All things considered, not a bad way to spend a couple of hours on a rainy afternoon. We even stopped by their tearoom for a bite to eat and, of course, made the obligatory visit to the gift shop. I was still feeling a bit edgy, so I didn't eat much, but the little I had (some homemade bread pudding) was pretty good.

Today (Monday) we decided to drive to Salisbury (about an hour's drive) and visit Stonehenge. We had hoped that a Monday in October, especially a rather bleak, overcast Monday, would keep the crowds down...and we we're right. It wasn't very crowded at all, which made the experience quite enjoyable.

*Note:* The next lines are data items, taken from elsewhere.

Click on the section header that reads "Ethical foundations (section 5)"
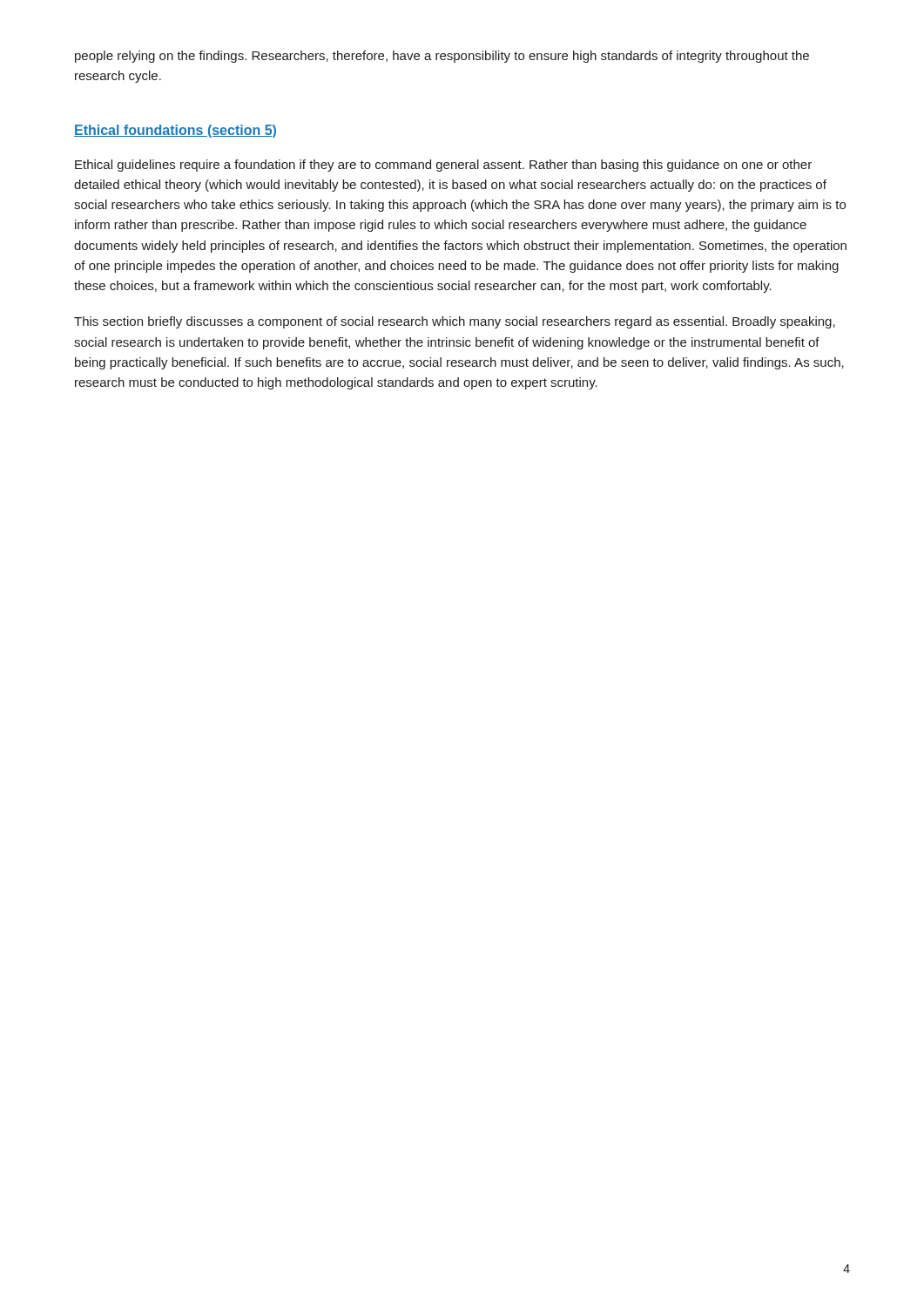 point(175,130)
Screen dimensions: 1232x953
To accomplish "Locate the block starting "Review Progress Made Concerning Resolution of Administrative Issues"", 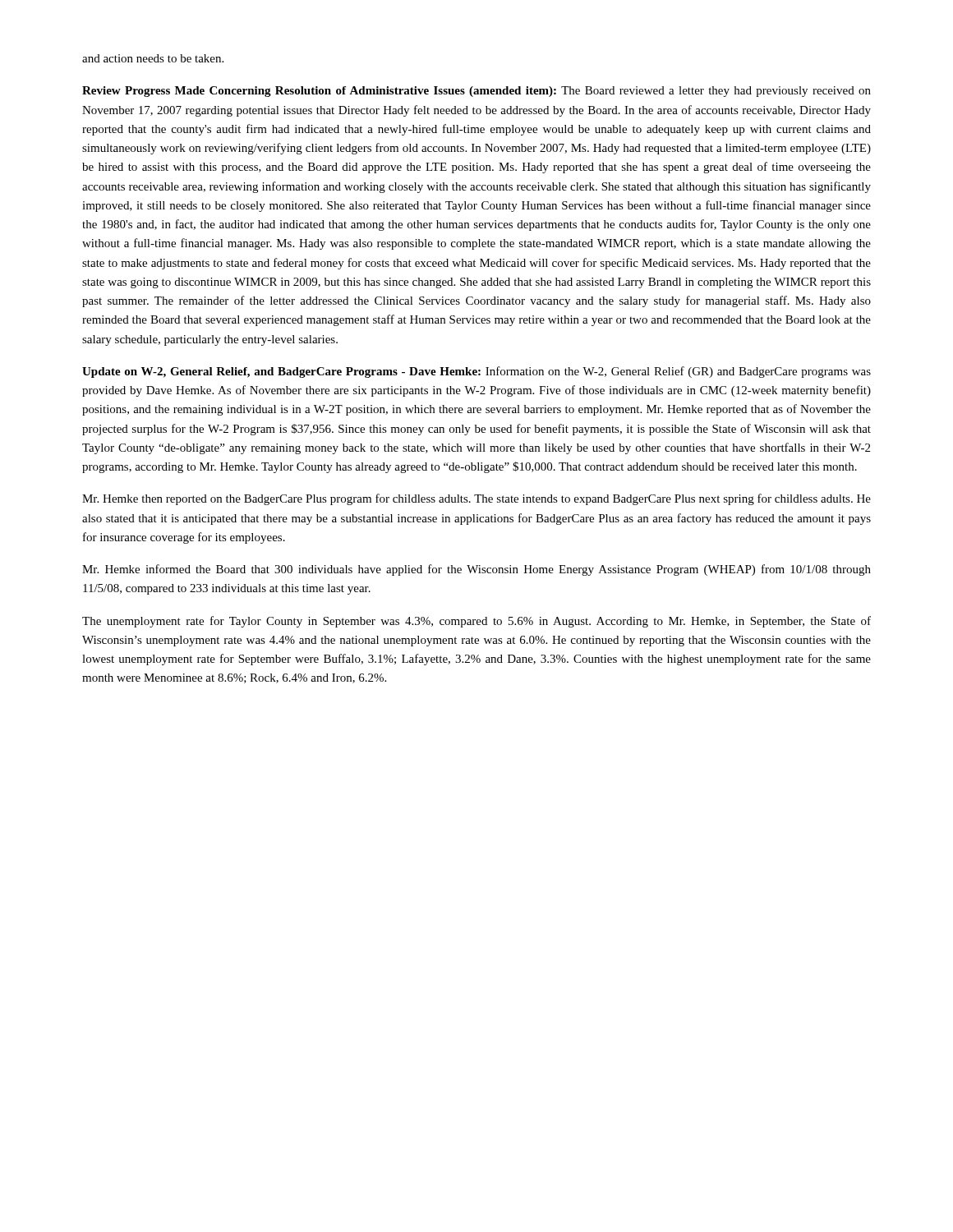I will pos(476,215).
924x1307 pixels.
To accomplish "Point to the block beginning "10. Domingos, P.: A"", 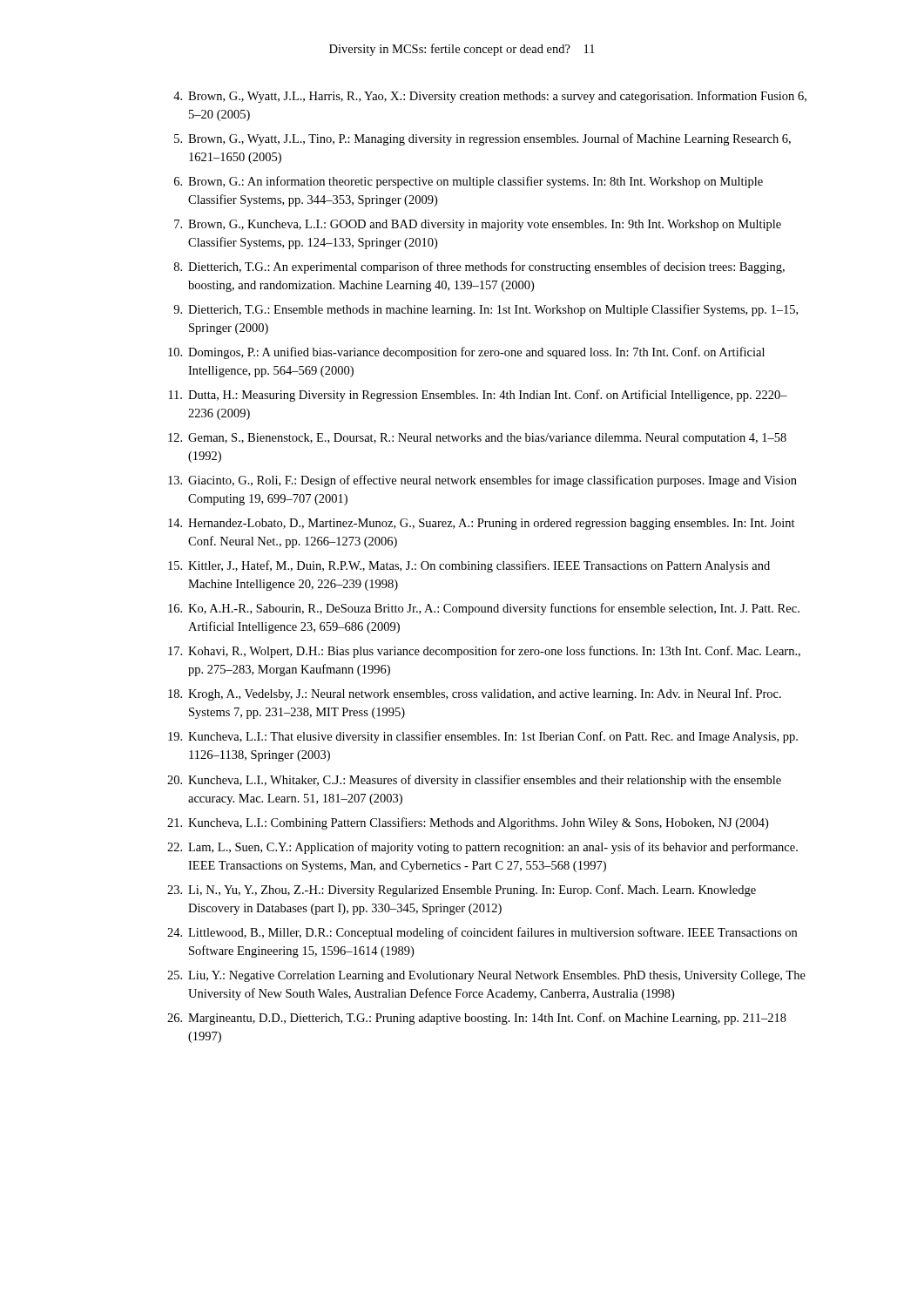I will (x=484, y=362).
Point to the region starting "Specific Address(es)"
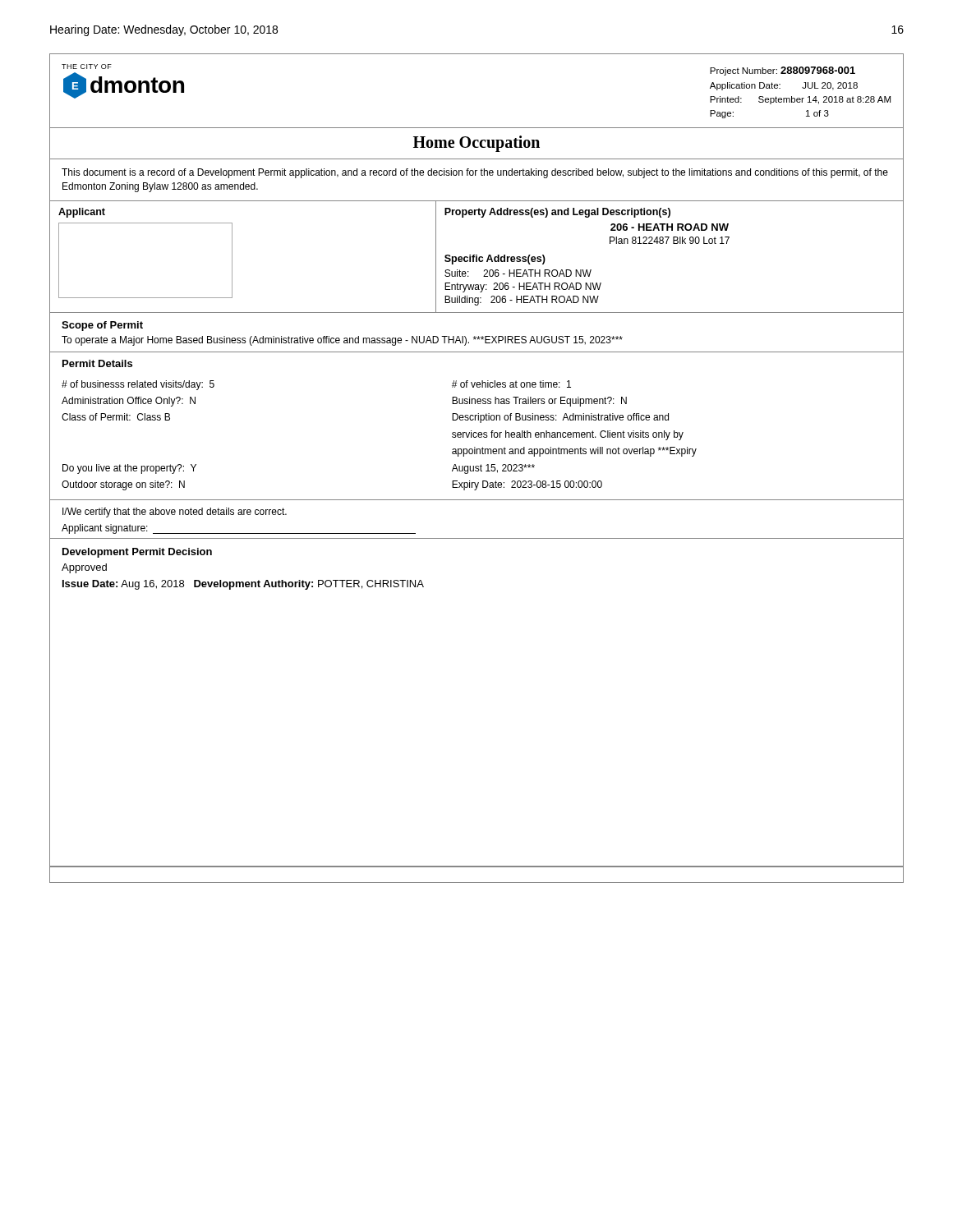953x1232 pixels. [495, 259]

Once again, my pre-trip planning paid off since I had purchased an English Heritage international tourist 9-day pass for two. Basically, English Heritage controls many of the places that aren't controlled by the National Trust. And so, Dear Diane and I were able to enter Stonehenge free of charge.

It's really quite well done. You are given an audio tour device that you carry with you as you follow the path circling the five-thousand-year-old site. I took about 100 photos as we walked along listening to our recorded guides. The only downside was the wind and the temperature. Exposed to the elements on Salisbury Plain, and despite our warm clothing, the two of us nearly froze. We were pleased to find a little concession stand near the exit and gladly paid £4 plus for two cups of hot chocolate. And of course we hit the gift shop before returning to our car.

Here I am, looking much warmer than I really was. On the way home we stopped at a pub near North Waltham, Hampshire, just a couple of miles from Jane Austen's family home in Steventon. The pub, The Wheatsheaf Inn, has been around for a few hundred years and Jane Austen visited it frequently. She didn't go there for the good ale, but to collect the family's mail since it was the local post station. You can read more about this here: Jane Austen and the Wheatsheaf. Our meal was quite good and the service excellent.

Tomorrow we plan to drive south to the coast and visit some of the sites in Portsmouth and Southampton. It should be another enjoyable day, weather permitting.
Blessings...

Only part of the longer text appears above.